After reading some comments I do realise that my choice for using a HashTable wasn't maybe the best one as I want unique keys that do not cause collisions. If I still want to use the HashTable I will probably need a proper encoding.

Was it helpful?

Solution

You need a dedicated Key Field to guarantee uniqueness

.hashCode() isn't designed for what you are using it for

.hashCode() is designed to give good general results in bucketing algorithms, which can tolerate minor collisions. It is not designed to provide a unique key. The default algorithm is a trade off of time and space and minor collisions, it isn't supposed to guarantee uniqueness.

Perfect Hash

What you need to implement is a perfect hash or some other unique key based on the contents of the object. This is possible within the boundries of an int but I wouldn't use .hashCode() for this representation. I would use an explicit key field on the object.

Unique Hashing

One way to use use SHA1 hashing that is built into the standard library which has an extremely low chance of collisions for small data sets. You don't have a huge combinational explosion in the values you posts to SHA1 will work.
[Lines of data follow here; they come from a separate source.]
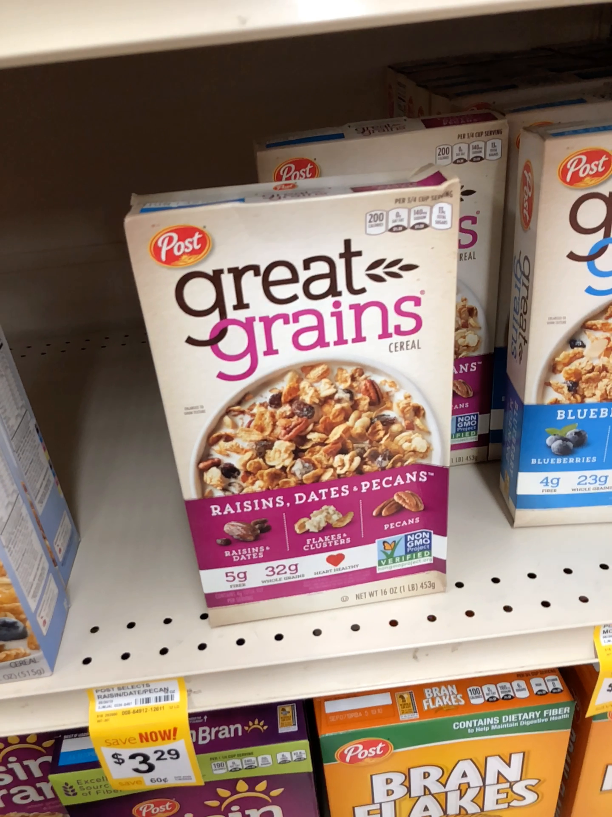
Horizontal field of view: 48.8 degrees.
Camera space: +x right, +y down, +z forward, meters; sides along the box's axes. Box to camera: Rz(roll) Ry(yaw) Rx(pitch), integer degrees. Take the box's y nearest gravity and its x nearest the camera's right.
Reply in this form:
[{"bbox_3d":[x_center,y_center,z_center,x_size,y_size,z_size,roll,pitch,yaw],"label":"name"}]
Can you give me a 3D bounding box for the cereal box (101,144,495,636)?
[{"bbox_3d":[0.006,0.006,0.381,0.170,0.269,0.050,-8,33,-4],"label":"cereal box"}]
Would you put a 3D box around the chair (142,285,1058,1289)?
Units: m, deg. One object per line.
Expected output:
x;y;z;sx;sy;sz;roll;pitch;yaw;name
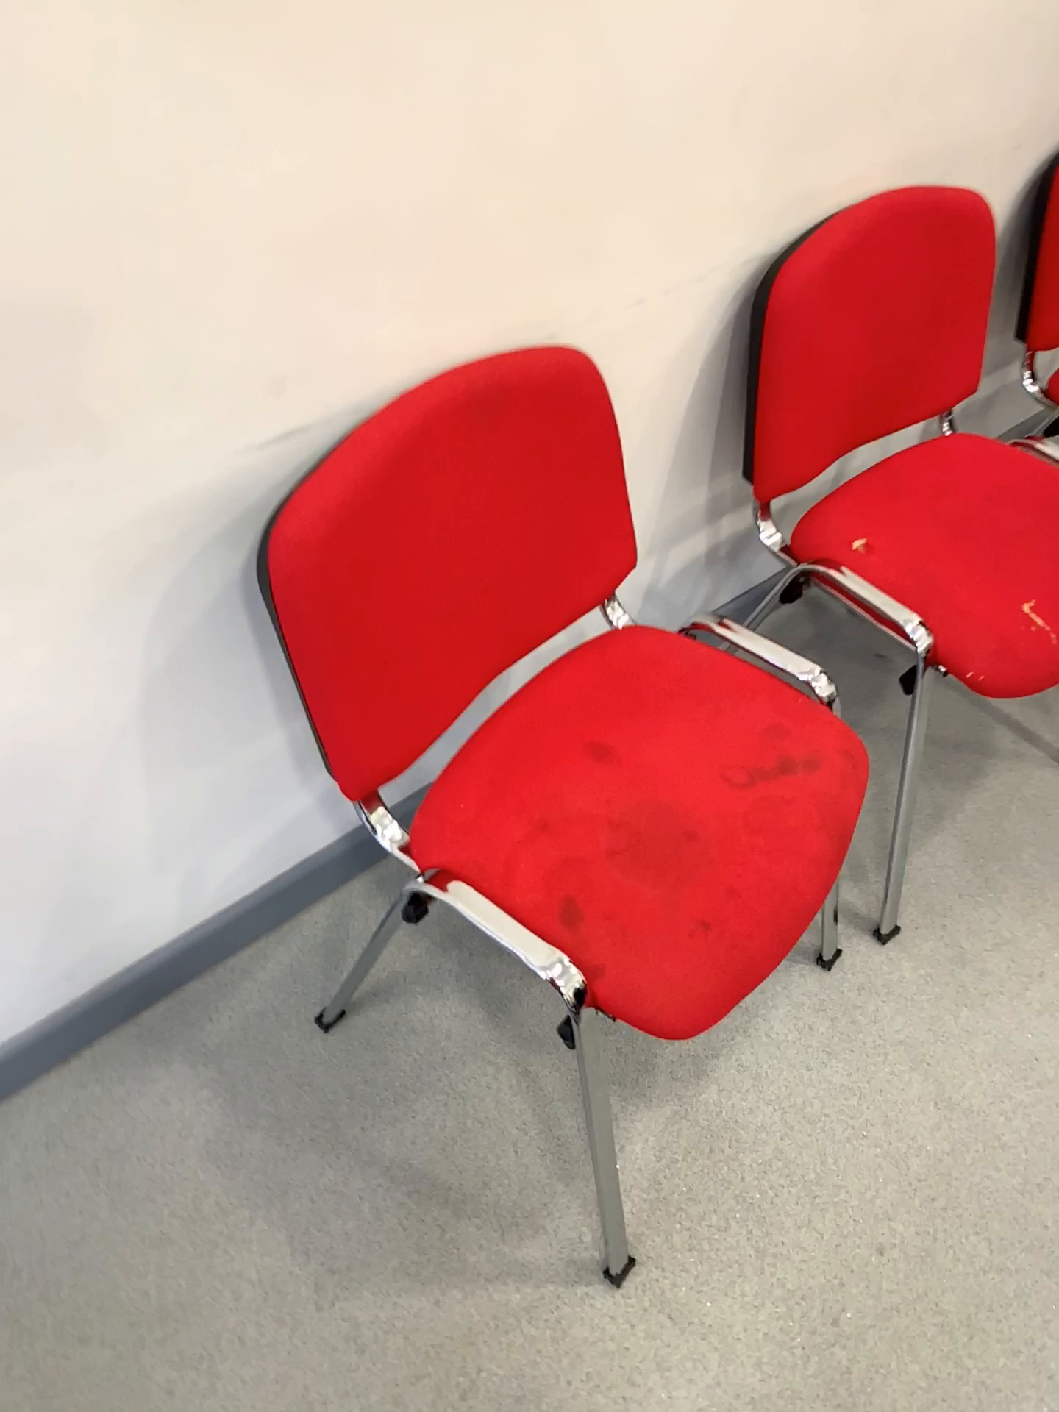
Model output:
0.075;0.091;1.225;0.630;0.753;0.601;33;53;22;chair

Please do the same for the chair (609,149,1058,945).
0.573;-0.220;1.531;0.570;0.792;0.591;-30;58;-28;chair
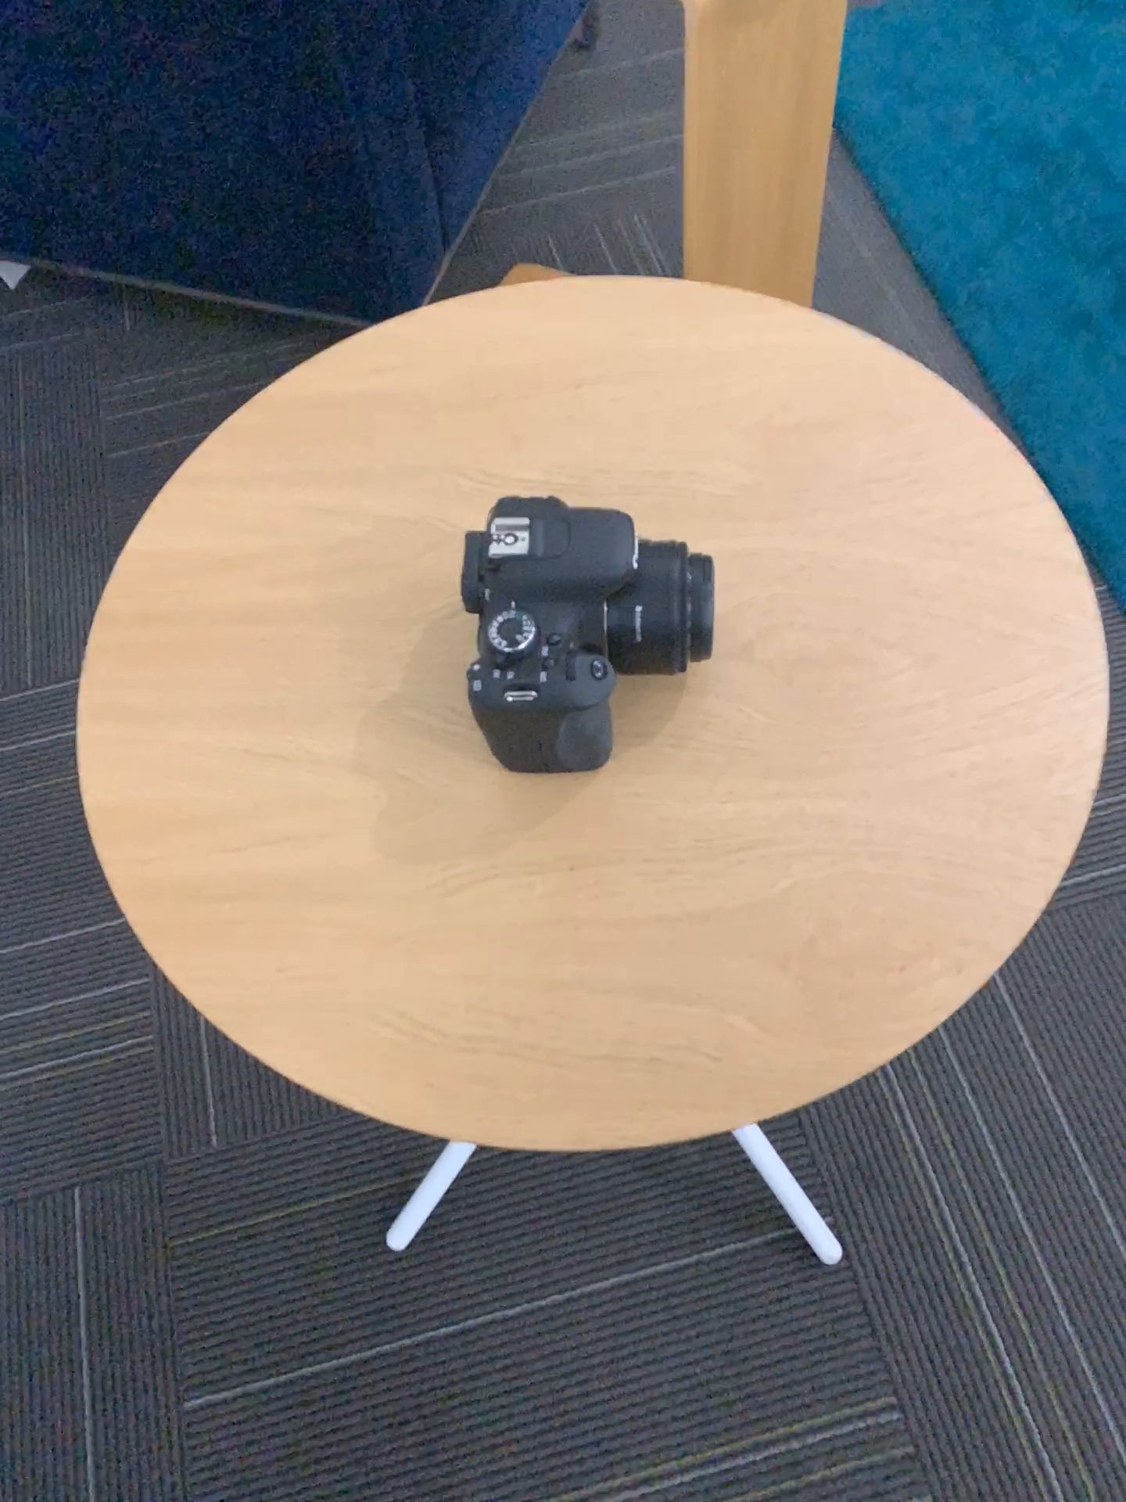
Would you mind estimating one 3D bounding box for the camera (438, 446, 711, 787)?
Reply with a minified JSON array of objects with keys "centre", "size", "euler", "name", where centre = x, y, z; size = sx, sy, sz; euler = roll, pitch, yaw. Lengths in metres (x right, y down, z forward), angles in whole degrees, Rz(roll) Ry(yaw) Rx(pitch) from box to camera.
[{"centre":[0.011,-0.063,0.564],"size":[0.117,0.100,0.130],"euler":[-1,61,5],"name":"camera"}]
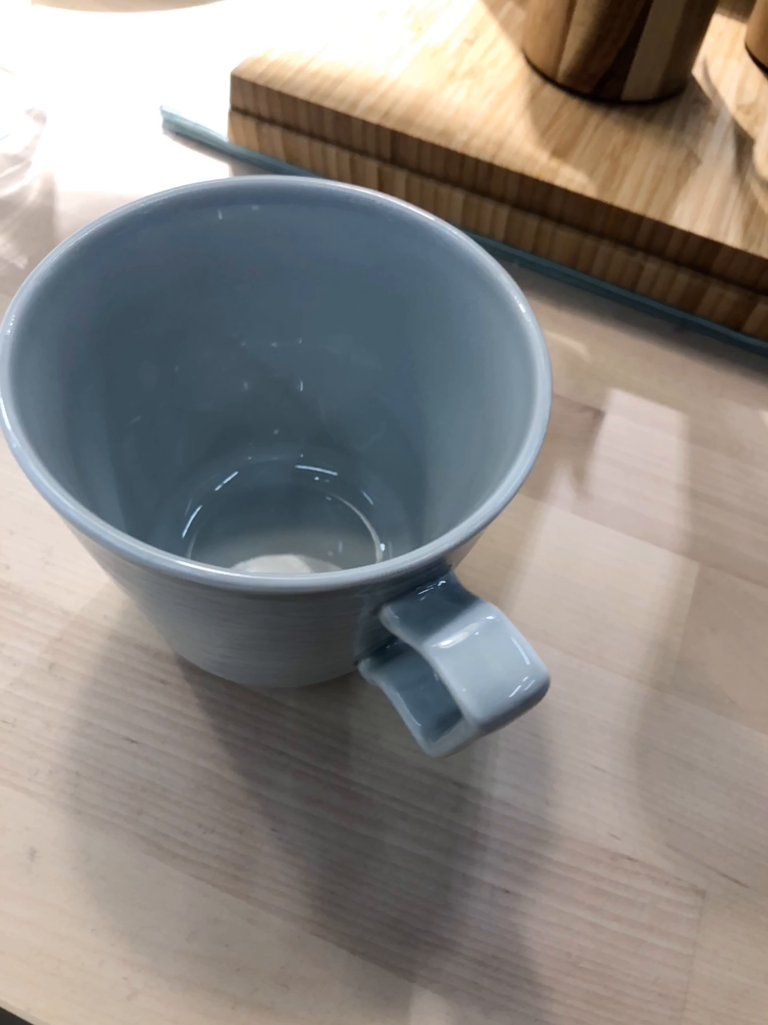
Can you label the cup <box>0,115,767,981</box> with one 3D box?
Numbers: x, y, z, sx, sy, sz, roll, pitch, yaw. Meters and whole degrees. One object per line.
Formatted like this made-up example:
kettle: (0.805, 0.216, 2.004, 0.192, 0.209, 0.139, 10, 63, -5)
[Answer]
cup: (-0.015, -0.001, 0.191, 0.110, 0.080, 0.140, -26, 62, -21)
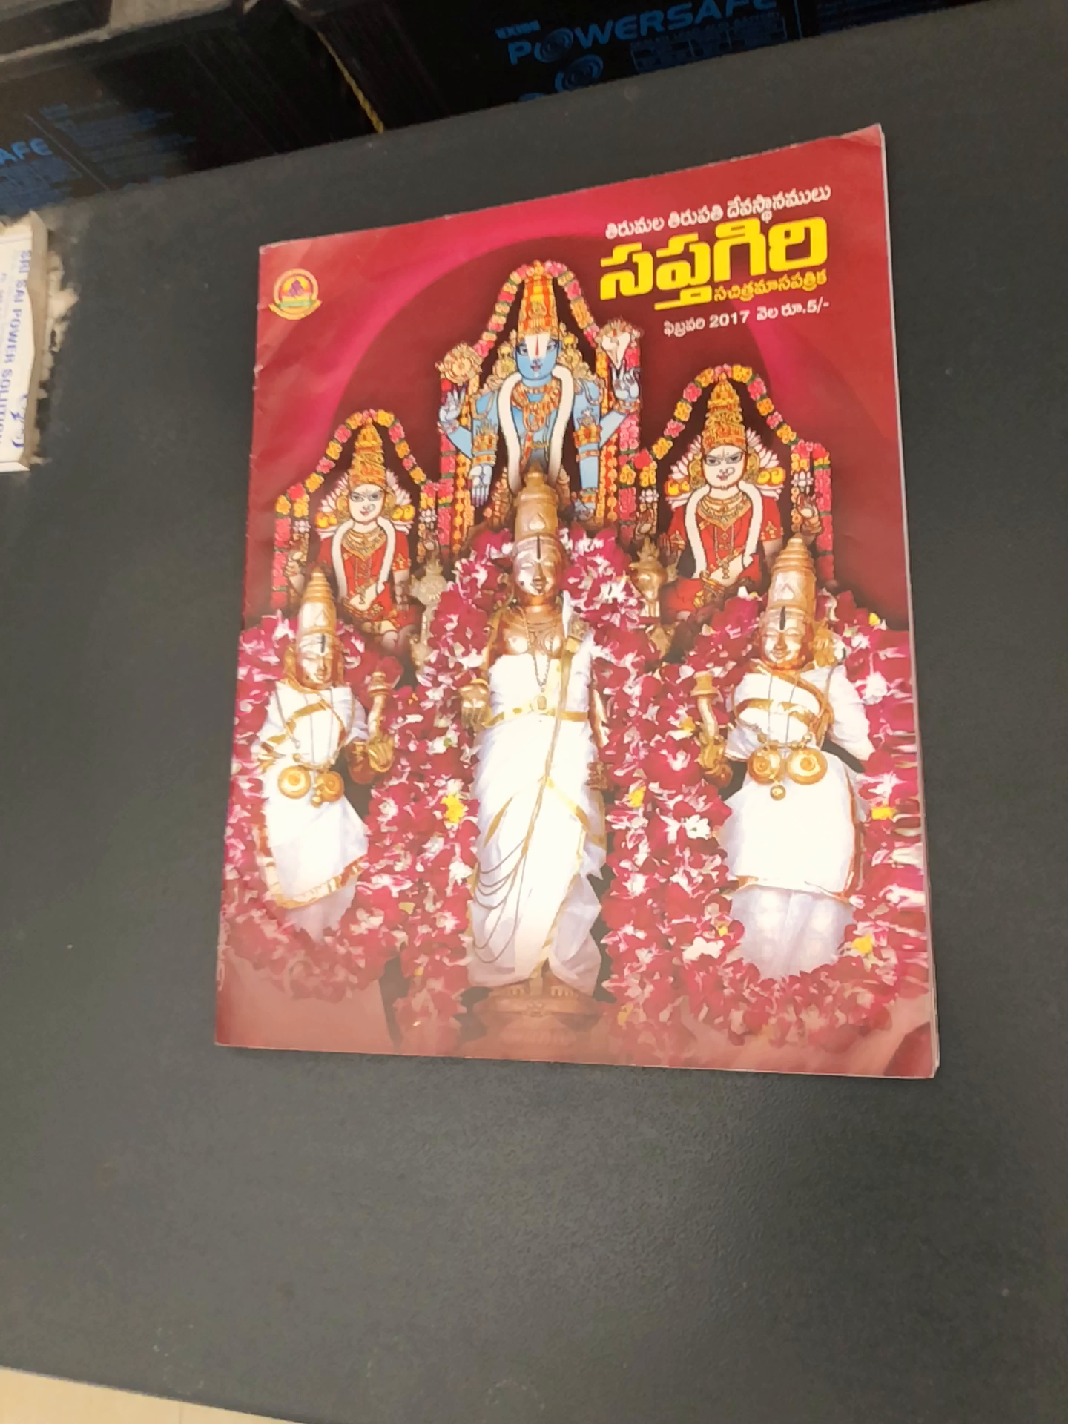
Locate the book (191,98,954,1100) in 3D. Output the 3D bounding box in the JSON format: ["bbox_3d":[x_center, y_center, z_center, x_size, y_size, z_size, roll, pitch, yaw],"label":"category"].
[{"bbox_3d":[0.006,-0.031,0.340,0.200,0.030,0.260,-4,77,19],"label":"book"}]
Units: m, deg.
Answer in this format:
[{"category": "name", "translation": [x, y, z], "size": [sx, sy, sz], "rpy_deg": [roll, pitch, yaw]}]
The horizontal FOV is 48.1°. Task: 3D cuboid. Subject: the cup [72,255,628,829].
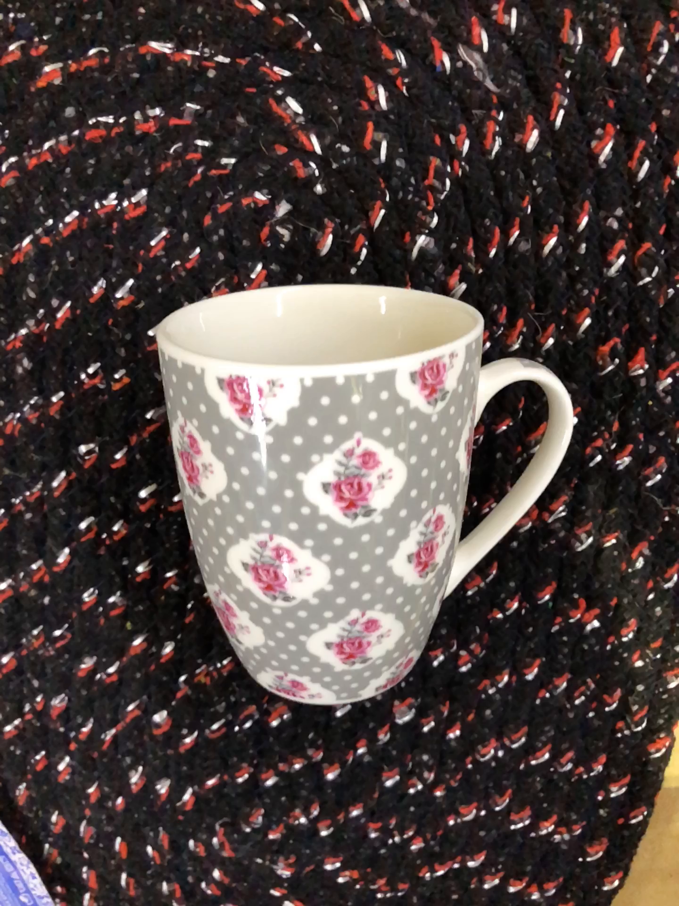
[{"category": "cup", "translation": [-0.003, 0.012, 0.204], "size": [0.110, 0.090, 0.100], "rpy_deg": [-8, 115, -17]}]
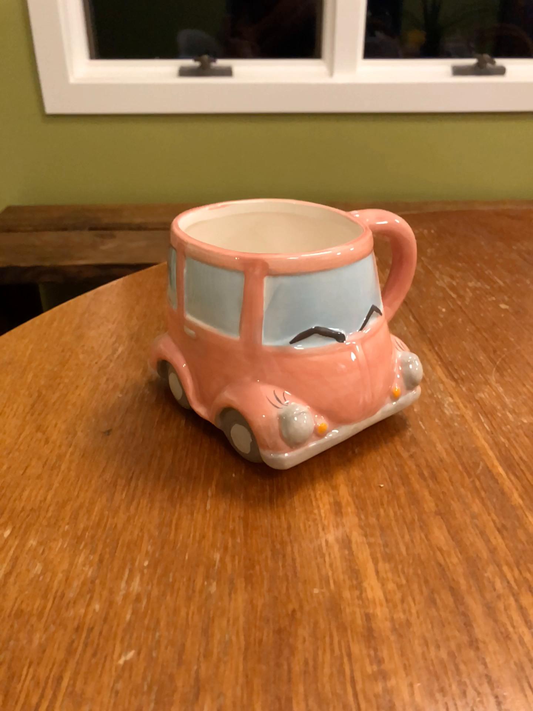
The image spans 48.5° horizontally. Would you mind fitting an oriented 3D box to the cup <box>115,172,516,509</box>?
[{"bbox_3d":[0.022,-0.025,0.302,0.140,0.097,0.128,-1,28,0],"label":"cup"}]
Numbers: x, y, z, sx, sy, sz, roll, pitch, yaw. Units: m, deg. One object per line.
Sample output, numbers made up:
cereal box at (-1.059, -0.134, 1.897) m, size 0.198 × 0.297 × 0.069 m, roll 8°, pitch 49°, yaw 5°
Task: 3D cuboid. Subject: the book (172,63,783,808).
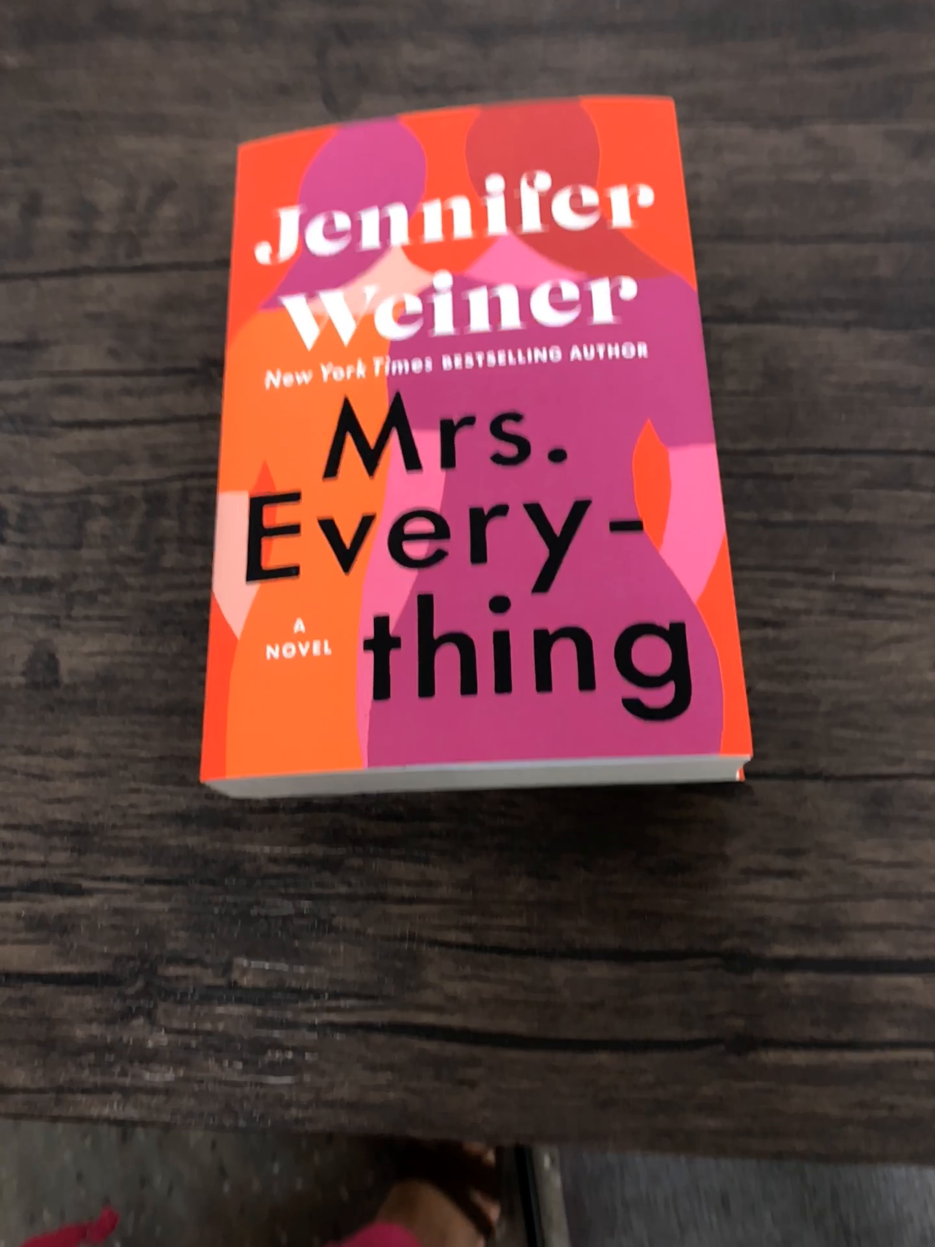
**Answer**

You should be able to calculate a way to generate a minimal perfect hash with the limited values that you are showing in your question.

A minimal perfect hash function is a perfect hash function that maps n keys to n consecutive integers—usually [0..n−1] or [1..n]. A more formal way of expressing this is: Let j and k be elements of some finite set K. F is a minimal perfect hash function iff F(j) =F(k) implies j=k (injectivity) and there exists an integer a such that the range of F is a..a+|K|−1. It has been proved that a general purpose minimal perfect hash scheme requires at least 1.44 bits/key.2 The best currently known minimal perfect hashing schemes use around 2.6 bits/key.[3]

A minimal perfect hash function F is order preserving if keys are given in some order a1, a2, ..., an and for any keys aj and ak, j

A minimal perfect hash function F is monotone if it preserves the lexicographical order of the keys. In this case, the function value is just the position of each key in the sorted ordering of all of the keys. If the keys to be hashed are themselves stored in a sorted array, it is possible to store a small number of additional bits per key in a data structure that can be used to compute hash values quickly.[6]

Solution

Note where it talks about a URL it can be any byte[] representation of any String that you calculate from your object.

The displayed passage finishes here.